**Work task:** Print nothing but the lines below starting at the line that holds "1) electrical component <box>0,147,40,227</box>" and ending at the line that holds "14) electrical component", including both, each exactly as written.

•••

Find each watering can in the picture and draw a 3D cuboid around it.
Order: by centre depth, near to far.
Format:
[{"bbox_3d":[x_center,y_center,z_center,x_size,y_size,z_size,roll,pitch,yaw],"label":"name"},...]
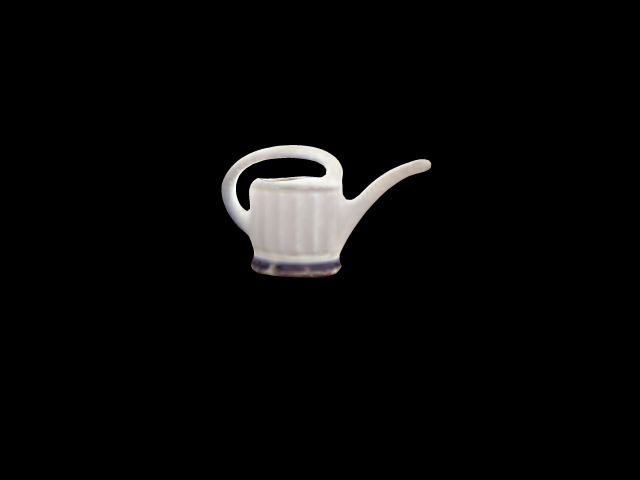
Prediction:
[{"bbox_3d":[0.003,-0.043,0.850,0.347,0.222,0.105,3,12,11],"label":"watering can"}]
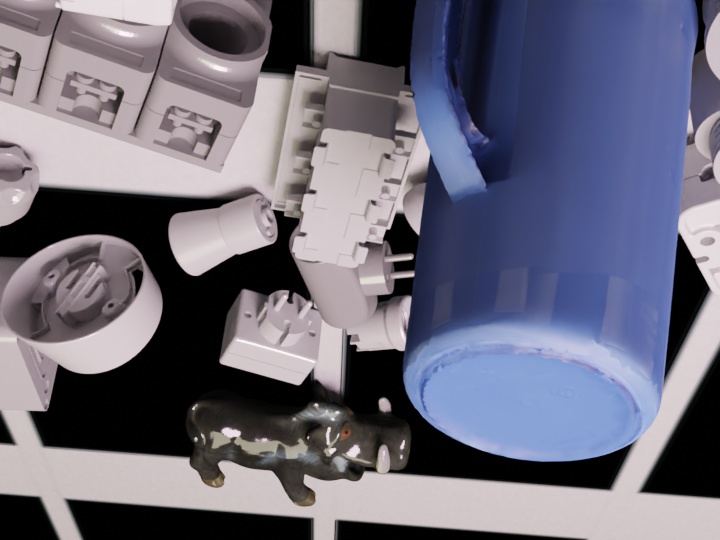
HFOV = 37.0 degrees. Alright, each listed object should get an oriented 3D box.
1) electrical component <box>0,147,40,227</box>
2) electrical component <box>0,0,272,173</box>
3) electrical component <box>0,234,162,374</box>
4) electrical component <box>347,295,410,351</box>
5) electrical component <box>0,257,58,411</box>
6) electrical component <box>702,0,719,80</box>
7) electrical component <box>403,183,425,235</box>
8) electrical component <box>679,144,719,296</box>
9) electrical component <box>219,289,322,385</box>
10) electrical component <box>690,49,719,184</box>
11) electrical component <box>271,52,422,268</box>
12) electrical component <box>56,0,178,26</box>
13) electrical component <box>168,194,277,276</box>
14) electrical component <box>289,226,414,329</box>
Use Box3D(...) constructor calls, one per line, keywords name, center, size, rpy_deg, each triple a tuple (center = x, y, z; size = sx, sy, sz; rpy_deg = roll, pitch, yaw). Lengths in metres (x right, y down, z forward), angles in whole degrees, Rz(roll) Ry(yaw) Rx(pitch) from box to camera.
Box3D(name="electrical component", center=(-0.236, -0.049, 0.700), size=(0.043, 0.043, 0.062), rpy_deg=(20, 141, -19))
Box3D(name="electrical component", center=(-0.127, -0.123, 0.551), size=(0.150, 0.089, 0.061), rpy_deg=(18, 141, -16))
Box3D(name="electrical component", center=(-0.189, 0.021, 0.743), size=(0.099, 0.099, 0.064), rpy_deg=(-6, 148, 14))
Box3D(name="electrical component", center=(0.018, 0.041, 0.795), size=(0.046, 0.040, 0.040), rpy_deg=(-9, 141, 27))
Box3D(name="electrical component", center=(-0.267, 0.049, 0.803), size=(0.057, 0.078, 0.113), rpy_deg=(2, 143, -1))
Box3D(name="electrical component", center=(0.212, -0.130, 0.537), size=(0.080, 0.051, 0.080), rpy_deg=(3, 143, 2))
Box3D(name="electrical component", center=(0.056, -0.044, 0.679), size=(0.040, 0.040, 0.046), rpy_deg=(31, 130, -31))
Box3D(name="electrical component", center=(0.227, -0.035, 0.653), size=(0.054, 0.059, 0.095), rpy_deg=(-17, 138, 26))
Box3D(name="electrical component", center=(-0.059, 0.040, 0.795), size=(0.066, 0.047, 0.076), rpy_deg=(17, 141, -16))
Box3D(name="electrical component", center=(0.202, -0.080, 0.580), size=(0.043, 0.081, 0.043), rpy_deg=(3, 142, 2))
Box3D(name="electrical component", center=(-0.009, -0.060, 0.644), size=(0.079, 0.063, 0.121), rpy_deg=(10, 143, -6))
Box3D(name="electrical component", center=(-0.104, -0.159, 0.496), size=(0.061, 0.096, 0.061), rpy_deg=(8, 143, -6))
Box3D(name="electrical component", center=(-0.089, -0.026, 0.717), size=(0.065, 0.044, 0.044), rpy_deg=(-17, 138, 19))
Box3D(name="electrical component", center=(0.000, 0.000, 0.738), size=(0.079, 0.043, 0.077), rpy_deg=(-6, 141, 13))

•••

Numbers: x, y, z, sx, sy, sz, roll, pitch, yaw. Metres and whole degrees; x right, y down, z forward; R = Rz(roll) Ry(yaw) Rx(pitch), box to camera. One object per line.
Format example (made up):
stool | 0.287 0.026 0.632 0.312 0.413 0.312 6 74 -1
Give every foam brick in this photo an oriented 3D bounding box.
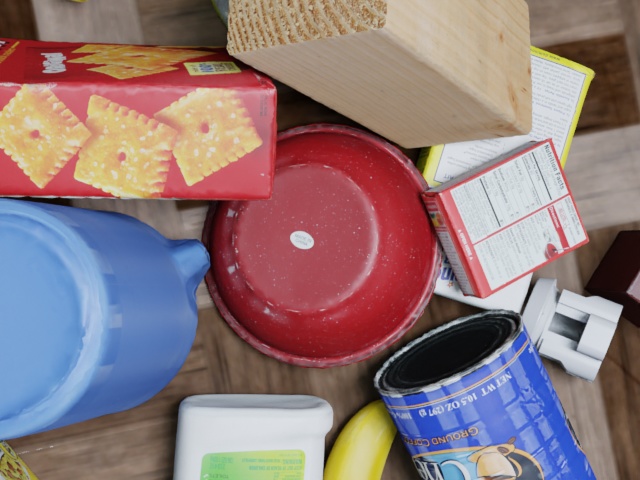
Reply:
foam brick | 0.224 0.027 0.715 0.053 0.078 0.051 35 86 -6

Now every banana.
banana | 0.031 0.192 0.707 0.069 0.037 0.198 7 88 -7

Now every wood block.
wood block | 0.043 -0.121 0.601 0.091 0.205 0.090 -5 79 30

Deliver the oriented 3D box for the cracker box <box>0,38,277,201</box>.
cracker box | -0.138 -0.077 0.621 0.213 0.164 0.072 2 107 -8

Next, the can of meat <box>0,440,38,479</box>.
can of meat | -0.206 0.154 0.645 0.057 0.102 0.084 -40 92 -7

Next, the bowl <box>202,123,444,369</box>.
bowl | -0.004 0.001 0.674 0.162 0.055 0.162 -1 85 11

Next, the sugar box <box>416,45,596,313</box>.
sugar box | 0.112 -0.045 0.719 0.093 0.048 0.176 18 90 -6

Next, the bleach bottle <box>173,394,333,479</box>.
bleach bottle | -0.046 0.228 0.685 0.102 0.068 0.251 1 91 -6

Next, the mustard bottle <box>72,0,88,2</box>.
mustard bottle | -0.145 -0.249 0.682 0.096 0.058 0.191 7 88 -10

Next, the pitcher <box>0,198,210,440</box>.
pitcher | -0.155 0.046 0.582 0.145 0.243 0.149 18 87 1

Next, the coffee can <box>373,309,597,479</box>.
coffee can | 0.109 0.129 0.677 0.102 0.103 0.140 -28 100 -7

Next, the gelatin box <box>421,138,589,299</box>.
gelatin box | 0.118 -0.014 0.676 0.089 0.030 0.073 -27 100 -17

•••

**Answer to the exercise:**
1) electrical component <box>0,147,40,227</box>
2) electrical component <box>0,0,272,173</box>
3) electrical component <box>0,234,162,374</box>
4) electrical component <box>347,295,410,351</box>
5) electrical component <box>0,257,58,411</box>
6) electrical component <box>702,0,719,80</box>
7) electrical component <box>403,183,425,235</box>
8) electrical component <box>679,144,719,296</box>
9) electrical component <box>219,289,322,385</box>
10) electrical component <box>690,49,719,184</box>
11) electrical component <box>271,52,422,268</box>
12) electrical component <box>56,0,178,26</box>
13) electrical component <box>168,194,277,276</box>
14) electrical component <box>289,226,414,329</box>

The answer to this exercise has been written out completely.